Source	Sum of squares	df	Mean square	F Value	p-value (Prob > F)
Model	6.98E+07	14	4.99E+06	5.27	0.0024
A-Tryptone	9.13E+06	1	9.13E+06	9.64	0.0084
B-Soy peptone	1.60E+06	1	1.60E+06	1.69	0.2159
C-Glucose	1.09E+07	1	1.09E+07	11.55	0.0047
D-Citrate	6.20E+06	1	6.20E+06	6.55	0.0237
AB	1.69E+06	1	1.69E+06	1.79	0.2044
AC	4.90E+05	1	4.90E+05	0.52	0.4845
AD	8.41E+06	1	8.41E+06	8.89	0.0106
BC	6.00E+06	1	6.00E+06	6.34	0.0257
BD	62500	1	62500	0.066	0.8012
CD	4.23E+05	1	4.23E+05	0.45	0.5157
A2	1.24E+07	1	1.24E+07	13.1	0.0031
B2	9.19E+06	1	9.19E+06	9.71	0.0082
C2	1.24E+07	1	1.24E+07	13.1	0.0031
D2	9.19E+06	1	9.19E+06	9.71	0.0082
Residual	1.23E+07	13	9.46E+05
Lack of Fit	2.06E+06	10	2.06E+05	0.06	0.9997
Pure Error	1.02E+07	3	3.41E+06
Cor Total	8.21E+07	27

The three dimensional plot (Figure 3) based on the interaction between the variables showed an increase in bacteriocin production with increasing concentrations of tryptone, glucose, and citrate, while increasing concentration of soy peptone decreased production. The optimum values obtained from the 3D plot was also equal to the results obtained from the regression analysis (Eq. (1)). Thus, the optimized media components (per litre) were tryptone (15 g), yeast extract (1 g), tri-ammonium citrate (3.5 g), glucose (15 g), tween-80 (1 g), and di-potassium hydrogen phosphate (1 g). Validation of these optimized components in the form of a liquid medium gave a satisfactory result of 3200 to 6400 AU.mL⁻¹ of bacteriocin activity for L. pentosus while the production in standard MRS broth was only 800 AU.mL⁻¹. This medium is highly advantageous as a bacteriocin production of 4 to 8 fold increase was observed when compared to the routinely used MRS medium. The antibacterial activity assessed against several pathogenic indicator organisms and expressed in mm (Table 5) using the optimized media showed the effectiveness of the antibacterial compound. Further studies are essential to purify and identify the nature of this compound.

Figure 3.

Response surface methodology contour plots for production of bacteriocin using interaction of variables (A) tryptone (B) soy peptone (C) glucose and (D) Citrate.

Table 5.

Antibacterial spectrum analysis of culture supernatant using the optimized culture medium.

Strains	L. pentosus SJ65
Enterococcus faecalis MTCC 439	11 ± 1
Leuconostoc mesenteroides MTCC 107	11 ± 1
Lactobacillus fermentum MTCC 1745	12 ± 1
Staphylocccus aureus MTCC 737	18 ± 3
Bacillus subtilis MTCC 619	18 ± 2
Listeria monocytogenes MTCC 657	20 ± 2
Vibrio parahemolyticus MTCC 451	17 ± 3

Inhibition zone expressed in millimeters inclusive of well diameter 6 mm. Values are means of three independent experiments performed in duplicates with standard deviation.
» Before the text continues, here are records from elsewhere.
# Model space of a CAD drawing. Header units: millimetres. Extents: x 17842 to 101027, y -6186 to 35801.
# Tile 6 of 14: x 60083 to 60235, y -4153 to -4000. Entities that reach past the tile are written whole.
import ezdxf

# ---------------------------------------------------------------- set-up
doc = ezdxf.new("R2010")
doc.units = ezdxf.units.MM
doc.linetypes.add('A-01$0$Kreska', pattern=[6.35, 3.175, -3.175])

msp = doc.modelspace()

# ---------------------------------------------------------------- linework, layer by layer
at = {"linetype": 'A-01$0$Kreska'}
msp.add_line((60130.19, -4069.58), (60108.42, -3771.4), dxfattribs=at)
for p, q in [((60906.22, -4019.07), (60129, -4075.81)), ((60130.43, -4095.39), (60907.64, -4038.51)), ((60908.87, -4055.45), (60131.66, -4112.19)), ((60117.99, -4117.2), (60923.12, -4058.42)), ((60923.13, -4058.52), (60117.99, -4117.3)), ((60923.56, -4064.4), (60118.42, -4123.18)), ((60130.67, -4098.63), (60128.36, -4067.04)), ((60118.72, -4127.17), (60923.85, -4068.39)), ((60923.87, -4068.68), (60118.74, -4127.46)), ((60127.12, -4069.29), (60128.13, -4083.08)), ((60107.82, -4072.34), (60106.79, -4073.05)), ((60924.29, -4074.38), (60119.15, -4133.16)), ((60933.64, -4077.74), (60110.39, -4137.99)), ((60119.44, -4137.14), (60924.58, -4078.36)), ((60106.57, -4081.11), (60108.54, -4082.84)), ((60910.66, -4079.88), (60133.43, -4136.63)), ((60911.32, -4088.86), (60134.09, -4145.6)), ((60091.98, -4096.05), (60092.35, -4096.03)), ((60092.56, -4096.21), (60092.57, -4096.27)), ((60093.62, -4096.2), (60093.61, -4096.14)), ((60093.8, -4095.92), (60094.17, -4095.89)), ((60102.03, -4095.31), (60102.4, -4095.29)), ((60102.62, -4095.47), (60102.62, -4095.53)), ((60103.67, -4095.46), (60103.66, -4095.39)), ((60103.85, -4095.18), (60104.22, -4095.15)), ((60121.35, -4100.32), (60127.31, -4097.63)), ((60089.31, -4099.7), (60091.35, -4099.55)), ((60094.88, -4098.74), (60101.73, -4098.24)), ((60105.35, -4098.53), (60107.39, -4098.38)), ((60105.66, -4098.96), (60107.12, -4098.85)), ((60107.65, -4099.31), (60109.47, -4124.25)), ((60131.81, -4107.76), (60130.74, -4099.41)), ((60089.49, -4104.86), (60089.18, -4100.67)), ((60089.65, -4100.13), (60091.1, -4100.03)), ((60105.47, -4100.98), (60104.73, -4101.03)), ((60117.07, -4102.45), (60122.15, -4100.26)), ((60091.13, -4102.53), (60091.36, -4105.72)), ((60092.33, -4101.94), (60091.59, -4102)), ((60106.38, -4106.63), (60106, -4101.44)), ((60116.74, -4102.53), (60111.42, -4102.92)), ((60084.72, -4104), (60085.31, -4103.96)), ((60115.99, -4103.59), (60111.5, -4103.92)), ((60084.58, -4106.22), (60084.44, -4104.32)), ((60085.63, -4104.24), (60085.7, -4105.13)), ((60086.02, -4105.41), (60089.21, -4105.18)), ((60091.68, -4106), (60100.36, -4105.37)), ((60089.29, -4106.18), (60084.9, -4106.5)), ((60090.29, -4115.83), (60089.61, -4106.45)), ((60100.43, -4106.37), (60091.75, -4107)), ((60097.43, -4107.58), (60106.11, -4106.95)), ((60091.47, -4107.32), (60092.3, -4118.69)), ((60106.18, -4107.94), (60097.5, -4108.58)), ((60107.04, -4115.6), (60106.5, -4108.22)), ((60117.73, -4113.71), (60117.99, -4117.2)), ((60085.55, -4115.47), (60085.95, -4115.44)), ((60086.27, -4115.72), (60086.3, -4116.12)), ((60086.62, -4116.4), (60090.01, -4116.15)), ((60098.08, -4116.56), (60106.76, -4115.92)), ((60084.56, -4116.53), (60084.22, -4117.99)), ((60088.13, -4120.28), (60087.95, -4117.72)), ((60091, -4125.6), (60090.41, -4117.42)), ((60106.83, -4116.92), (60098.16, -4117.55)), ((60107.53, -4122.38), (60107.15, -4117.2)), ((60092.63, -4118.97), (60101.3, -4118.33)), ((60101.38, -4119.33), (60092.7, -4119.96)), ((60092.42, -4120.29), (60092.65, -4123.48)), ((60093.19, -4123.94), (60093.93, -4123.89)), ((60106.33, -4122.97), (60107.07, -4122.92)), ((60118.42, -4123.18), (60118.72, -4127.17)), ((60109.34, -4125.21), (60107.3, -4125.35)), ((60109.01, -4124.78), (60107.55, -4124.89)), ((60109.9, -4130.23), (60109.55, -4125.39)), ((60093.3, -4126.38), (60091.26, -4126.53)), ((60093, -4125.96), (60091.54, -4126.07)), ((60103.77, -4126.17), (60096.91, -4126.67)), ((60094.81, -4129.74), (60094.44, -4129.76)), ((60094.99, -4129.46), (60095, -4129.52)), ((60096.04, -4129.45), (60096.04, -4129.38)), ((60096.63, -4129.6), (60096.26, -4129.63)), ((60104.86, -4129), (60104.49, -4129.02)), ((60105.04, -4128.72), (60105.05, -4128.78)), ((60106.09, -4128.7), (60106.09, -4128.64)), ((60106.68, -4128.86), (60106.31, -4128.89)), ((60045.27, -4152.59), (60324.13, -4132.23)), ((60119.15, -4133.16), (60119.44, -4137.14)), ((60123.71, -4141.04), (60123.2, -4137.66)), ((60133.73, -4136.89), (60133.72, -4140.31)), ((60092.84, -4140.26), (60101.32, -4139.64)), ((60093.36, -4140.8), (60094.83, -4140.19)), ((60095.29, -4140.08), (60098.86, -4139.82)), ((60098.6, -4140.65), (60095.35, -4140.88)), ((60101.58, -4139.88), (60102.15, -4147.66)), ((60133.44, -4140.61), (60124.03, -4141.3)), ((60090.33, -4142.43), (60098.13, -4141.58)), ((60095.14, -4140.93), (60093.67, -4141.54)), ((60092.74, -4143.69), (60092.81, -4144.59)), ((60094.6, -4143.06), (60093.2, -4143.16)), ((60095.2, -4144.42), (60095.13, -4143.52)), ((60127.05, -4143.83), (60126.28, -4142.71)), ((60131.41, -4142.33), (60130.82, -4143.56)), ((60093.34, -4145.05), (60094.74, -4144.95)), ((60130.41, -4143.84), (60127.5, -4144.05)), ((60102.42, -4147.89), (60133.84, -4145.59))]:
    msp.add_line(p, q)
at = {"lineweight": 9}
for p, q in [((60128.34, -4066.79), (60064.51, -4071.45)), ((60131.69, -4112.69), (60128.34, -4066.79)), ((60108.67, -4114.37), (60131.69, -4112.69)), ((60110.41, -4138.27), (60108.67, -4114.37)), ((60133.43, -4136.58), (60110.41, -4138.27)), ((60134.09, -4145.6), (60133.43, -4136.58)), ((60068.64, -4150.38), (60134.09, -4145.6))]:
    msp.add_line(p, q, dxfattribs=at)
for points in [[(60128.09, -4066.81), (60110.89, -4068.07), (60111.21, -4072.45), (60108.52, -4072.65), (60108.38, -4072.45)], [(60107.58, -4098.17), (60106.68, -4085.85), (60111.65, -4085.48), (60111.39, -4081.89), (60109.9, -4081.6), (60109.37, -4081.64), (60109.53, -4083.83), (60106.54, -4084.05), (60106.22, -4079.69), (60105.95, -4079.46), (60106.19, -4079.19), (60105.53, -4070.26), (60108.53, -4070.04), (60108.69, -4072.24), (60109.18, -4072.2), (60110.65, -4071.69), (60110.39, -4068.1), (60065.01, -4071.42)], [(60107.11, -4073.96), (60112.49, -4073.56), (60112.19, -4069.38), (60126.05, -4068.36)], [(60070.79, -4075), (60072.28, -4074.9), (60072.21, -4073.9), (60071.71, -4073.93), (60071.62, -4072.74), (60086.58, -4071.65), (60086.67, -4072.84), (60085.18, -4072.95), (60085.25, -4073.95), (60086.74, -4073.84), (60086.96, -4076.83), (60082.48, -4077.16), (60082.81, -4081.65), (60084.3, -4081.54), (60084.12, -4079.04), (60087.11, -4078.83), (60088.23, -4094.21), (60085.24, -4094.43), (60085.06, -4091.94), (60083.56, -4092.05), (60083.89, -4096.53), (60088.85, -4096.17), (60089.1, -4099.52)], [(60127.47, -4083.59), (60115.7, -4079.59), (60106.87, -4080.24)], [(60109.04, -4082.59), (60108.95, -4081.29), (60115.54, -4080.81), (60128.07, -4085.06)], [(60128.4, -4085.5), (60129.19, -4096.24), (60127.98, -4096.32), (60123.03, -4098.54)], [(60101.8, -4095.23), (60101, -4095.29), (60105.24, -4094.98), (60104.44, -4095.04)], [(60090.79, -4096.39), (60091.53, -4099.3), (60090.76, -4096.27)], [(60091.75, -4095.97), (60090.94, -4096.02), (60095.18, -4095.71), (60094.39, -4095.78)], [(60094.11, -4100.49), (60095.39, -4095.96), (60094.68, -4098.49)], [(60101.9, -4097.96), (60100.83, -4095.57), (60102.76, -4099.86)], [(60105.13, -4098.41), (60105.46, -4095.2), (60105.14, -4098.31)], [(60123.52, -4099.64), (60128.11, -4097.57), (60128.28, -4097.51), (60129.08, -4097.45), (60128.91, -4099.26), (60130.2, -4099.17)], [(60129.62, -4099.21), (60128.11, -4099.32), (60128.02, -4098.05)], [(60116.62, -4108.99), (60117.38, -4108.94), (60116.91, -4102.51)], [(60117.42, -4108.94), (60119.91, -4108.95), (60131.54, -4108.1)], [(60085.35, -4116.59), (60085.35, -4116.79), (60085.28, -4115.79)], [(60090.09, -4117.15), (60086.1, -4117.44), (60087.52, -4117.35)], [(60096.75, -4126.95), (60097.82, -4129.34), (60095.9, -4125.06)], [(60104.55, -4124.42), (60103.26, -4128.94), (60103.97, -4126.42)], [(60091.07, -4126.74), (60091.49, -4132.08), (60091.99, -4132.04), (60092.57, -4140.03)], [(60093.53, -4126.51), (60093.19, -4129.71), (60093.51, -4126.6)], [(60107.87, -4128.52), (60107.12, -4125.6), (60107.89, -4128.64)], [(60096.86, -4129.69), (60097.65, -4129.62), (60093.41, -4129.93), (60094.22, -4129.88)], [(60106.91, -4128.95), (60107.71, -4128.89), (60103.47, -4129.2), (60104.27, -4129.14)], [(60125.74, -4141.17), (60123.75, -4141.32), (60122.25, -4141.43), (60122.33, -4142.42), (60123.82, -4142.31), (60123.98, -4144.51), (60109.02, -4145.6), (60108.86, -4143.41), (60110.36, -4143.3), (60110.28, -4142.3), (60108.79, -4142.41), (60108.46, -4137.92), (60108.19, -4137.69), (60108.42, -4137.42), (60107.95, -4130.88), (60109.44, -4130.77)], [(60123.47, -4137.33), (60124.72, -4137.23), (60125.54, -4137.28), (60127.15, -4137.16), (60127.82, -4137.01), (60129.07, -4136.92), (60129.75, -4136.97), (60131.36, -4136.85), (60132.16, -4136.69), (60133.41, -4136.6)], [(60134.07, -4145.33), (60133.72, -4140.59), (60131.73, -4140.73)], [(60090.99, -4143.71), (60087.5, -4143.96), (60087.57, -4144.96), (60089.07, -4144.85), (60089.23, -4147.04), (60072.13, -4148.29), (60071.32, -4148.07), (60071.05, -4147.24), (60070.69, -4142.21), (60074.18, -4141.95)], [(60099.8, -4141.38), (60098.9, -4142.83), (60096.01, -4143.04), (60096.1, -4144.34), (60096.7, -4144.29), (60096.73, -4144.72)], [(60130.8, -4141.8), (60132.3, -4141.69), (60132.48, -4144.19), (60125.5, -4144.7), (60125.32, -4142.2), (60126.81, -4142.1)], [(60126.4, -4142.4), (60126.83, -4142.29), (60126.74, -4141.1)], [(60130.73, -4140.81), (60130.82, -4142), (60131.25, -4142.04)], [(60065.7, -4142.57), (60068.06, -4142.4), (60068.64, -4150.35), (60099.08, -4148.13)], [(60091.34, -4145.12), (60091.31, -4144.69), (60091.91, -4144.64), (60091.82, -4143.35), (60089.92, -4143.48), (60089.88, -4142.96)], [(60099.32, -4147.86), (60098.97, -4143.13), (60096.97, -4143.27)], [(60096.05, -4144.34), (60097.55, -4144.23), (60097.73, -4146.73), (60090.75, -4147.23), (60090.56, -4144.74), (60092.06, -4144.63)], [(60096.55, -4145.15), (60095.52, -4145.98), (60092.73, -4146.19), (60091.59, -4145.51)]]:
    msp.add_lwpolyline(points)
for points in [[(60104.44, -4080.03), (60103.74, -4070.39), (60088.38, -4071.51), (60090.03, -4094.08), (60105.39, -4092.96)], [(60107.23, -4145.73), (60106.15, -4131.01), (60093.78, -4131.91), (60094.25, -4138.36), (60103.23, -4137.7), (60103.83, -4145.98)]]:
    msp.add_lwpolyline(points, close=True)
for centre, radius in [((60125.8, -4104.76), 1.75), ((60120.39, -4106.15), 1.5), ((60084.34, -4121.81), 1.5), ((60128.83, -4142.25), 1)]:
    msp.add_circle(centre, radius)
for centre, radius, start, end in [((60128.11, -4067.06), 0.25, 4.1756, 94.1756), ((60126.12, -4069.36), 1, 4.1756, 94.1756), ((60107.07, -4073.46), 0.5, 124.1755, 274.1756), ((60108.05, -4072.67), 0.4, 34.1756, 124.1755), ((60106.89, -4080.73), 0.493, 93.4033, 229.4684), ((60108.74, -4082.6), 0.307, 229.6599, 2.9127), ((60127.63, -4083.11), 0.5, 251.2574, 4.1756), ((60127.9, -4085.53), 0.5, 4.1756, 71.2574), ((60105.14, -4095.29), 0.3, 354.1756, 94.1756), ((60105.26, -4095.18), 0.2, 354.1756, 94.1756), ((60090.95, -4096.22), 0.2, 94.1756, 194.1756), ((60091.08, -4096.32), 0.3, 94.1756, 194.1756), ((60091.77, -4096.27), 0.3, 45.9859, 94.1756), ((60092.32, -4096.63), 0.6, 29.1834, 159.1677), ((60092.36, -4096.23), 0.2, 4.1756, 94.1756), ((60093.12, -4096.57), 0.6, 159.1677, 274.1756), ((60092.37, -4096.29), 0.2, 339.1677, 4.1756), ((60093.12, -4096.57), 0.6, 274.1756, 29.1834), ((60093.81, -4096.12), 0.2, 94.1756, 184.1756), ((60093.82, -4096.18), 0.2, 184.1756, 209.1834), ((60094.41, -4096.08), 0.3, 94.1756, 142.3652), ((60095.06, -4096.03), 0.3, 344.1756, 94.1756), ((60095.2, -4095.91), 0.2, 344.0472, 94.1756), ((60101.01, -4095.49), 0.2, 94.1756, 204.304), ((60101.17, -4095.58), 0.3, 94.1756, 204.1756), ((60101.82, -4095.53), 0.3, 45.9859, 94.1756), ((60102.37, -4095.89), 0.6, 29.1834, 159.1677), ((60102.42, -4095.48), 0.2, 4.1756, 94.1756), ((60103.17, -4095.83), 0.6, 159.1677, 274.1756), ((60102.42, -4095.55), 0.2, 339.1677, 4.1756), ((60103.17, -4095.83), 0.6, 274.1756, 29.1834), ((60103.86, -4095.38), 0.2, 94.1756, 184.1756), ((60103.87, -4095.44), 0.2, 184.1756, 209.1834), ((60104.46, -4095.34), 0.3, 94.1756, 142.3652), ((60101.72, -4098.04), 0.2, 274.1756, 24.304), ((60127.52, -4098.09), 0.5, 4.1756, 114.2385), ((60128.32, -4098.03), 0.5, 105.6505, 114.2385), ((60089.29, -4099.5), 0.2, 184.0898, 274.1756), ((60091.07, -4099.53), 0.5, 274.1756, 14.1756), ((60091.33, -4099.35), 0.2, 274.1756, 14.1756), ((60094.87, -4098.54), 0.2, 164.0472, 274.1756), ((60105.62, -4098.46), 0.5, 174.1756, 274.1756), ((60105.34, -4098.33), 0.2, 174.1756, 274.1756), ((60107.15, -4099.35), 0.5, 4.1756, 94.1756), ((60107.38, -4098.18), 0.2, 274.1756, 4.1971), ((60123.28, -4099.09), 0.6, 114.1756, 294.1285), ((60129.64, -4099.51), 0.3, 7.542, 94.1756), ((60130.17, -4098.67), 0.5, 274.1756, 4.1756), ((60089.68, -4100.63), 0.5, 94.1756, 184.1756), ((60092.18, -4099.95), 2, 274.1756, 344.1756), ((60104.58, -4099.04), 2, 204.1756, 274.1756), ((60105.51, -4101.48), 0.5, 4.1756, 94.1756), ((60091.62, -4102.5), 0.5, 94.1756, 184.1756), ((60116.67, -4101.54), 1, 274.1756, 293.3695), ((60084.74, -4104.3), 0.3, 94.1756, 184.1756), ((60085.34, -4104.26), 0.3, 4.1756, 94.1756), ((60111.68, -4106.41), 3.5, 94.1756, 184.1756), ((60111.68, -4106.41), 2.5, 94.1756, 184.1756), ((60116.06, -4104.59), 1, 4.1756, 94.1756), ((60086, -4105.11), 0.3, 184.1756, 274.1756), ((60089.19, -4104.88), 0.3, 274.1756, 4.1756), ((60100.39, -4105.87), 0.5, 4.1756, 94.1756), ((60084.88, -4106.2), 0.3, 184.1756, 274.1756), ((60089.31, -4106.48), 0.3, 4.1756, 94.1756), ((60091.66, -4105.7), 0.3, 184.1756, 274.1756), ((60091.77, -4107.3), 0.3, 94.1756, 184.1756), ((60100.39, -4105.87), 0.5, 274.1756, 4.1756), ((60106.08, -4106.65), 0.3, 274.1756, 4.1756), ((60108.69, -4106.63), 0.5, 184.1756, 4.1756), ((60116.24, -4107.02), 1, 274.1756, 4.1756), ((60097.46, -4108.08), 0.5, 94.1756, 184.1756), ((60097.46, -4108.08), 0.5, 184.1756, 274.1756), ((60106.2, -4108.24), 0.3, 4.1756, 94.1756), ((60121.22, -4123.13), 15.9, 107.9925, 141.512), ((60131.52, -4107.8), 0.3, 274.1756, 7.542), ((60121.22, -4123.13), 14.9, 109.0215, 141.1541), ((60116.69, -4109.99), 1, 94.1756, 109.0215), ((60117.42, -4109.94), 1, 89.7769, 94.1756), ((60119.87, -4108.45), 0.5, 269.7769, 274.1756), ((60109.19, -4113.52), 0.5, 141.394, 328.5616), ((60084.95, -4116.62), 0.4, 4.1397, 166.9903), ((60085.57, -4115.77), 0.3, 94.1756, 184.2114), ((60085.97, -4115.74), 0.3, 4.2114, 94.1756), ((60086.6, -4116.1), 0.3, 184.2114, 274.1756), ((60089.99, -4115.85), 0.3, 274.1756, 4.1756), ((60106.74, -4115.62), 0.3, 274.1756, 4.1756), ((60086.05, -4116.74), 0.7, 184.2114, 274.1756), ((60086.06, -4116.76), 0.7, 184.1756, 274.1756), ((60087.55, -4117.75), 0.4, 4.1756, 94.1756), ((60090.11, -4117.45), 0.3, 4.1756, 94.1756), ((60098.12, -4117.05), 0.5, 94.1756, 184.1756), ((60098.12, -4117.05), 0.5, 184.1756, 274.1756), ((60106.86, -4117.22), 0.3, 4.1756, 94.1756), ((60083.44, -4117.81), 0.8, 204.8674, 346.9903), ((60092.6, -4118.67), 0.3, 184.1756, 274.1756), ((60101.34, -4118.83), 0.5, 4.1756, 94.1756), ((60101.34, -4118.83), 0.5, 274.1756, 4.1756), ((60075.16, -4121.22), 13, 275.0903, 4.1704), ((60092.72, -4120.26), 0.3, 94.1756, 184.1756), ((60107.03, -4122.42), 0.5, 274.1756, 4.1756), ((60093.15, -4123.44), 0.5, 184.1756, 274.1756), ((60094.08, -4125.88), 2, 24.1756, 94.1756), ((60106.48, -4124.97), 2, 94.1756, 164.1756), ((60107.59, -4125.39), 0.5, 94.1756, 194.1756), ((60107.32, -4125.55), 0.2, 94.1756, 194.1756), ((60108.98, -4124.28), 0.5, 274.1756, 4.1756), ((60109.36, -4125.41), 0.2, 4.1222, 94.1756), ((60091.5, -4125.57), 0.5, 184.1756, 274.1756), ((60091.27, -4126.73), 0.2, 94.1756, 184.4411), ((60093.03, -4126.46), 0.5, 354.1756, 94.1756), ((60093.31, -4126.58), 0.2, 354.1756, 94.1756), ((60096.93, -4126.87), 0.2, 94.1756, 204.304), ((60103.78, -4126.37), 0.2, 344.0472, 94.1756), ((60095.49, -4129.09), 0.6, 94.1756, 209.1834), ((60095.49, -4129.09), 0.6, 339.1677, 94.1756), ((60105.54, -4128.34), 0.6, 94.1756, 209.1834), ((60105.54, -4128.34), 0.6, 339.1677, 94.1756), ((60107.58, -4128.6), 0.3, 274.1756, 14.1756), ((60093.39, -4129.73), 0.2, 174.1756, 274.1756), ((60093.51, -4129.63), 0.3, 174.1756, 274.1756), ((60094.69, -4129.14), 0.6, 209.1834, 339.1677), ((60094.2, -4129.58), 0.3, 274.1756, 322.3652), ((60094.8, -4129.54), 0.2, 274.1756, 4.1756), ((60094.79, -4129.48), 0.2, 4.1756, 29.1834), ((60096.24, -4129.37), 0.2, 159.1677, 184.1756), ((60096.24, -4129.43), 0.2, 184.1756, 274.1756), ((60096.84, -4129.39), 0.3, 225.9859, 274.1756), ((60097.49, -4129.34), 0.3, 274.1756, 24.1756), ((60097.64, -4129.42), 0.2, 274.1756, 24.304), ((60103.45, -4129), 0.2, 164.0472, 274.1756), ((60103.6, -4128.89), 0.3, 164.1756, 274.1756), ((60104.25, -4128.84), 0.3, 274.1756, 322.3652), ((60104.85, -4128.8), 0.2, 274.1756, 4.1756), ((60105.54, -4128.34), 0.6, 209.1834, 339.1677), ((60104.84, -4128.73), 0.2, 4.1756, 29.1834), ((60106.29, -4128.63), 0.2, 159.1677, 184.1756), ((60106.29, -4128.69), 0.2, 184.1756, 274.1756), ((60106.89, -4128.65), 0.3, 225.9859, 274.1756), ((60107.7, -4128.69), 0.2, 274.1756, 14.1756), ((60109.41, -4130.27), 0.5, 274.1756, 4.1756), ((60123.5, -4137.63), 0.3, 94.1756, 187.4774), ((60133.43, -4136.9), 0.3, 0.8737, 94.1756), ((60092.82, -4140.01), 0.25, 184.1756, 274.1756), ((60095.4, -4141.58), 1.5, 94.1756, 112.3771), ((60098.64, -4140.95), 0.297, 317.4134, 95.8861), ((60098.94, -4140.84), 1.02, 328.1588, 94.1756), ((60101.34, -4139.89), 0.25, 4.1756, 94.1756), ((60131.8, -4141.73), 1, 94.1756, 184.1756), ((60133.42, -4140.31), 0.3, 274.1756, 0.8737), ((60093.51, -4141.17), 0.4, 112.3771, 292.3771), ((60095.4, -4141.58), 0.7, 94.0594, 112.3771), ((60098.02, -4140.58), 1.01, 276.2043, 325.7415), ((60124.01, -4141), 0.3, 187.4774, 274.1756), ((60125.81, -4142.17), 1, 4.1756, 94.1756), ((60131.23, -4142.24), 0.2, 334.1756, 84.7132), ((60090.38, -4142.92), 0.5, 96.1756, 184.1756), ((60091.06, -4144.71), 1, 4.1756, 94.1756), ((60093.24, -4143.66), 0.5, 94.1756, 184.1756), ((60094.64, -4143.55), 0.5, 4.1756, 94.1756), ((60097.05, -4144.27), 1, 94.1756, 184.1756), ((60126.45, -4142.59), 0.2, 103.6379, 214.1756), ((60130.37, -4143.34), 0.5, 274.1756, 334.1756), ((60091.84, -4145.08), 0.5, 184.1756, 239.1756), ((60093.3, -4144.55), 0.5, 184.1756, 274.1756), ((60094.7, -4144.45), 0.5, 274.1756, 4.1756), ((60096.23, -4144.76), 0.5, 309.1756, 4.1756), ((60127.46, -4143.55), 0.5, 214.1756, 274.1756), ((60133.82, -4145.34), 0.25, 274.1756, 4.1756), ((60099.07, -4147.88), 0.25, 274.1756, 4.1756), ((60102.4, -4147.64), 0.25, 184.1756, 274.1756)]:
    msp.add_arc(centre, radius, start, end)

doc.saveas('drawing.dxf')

In conclusion, optimization studies using a dominant tool response surface methodology have helped to identify the prime and most favourable nutritional and non-nutritional factors/conditions that are involved for maximal production of antibacterial compounds from L. pentosus SJ65.